__WORK ORDER__.
Your answer needs to include each line of the records in which the string "Numbers" can be found.

*** Opening STORED DATA ***

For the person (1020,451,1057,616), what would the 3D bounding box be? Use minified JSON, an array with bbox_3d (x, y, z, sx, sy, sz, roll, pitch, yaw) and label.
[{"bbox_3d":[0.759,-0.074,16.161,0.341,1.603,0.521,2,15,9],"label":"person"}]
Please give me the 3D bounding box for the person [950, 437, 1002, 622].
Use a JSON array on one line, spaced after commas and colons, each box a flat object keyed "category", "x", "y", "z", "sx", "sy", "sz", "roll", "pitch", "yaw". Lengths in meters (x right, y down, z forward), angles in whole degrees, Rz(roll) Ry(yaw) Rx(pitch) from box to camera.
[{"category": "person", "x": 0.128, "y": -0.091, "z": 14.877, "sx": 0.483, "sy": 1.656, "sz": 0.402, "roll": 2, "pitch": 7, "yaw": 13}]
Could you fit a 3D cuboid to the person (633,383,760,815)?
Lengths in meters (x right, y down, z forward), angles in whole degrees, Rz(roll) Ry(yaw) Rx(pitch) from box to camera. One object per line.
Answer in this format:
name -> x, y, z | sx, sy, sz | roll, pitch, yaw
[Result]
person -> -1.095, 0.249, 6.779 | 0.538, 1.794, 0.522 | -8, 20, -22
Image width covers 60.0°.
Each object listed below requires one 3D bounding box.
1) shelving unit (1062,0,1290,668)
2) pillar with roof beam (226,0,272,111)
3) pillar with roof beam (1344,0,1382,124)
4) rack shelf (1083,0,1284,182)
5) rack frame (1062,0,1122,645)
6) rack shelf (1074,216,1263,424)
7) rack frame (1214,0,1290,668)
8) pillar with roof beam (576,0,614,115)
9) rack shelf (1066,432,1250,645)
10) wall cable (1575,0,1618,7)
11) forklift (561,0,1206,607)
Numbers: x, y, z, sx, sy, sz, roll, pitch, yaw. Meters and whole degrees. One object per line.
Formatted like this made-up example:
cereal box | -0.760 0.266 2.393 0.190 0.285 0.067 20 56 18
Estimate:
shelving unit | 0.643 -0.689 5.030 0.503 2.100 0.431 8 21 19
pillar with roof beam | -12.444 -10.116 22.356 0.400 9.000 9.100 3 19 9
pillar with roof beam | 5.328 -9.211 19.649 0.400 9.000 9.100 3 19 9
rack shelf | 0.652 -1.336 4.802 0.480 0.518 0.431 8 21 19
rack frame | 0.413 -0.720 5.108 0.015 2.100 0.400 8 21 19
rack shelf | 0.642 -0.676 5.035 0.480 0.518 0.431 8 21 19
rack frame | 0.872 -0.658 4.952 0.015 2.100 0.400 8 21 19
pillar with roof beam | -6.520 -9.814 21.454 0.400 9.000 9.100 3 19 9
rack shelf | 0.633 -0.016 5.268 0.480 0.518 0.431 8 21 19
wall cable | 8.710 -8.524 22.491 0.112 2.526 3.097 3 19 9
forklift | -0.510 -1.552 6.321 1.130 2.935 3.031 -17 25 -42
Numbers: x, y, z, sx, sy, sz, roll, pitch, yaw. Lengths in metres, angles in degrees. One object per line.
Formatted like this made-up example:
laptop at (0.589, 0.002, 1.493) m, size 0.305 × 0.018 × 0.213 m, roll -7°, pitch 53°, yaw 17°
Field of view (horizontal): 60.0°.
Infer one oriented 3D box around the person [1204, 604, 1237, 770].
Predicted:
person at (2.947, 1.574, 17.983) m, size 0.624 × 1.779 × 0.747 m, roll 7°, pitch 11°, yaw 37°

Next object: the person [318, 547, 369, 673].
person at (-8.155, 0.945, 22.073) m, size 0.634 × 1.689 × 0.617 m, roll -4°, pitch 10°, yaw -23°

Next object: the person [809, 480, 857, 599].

*** Closing STORED DATA ***

__ANSWER AREA__.
Numbers: x, y, z, sx, sy, sz, roll, pitch, yaw. Meters and whole degrees. One object per line.
Numbers: x, y, z, sx, sy, sz, roll, pitch, yaw. Lengths in metres, angles in degrees. One object per line.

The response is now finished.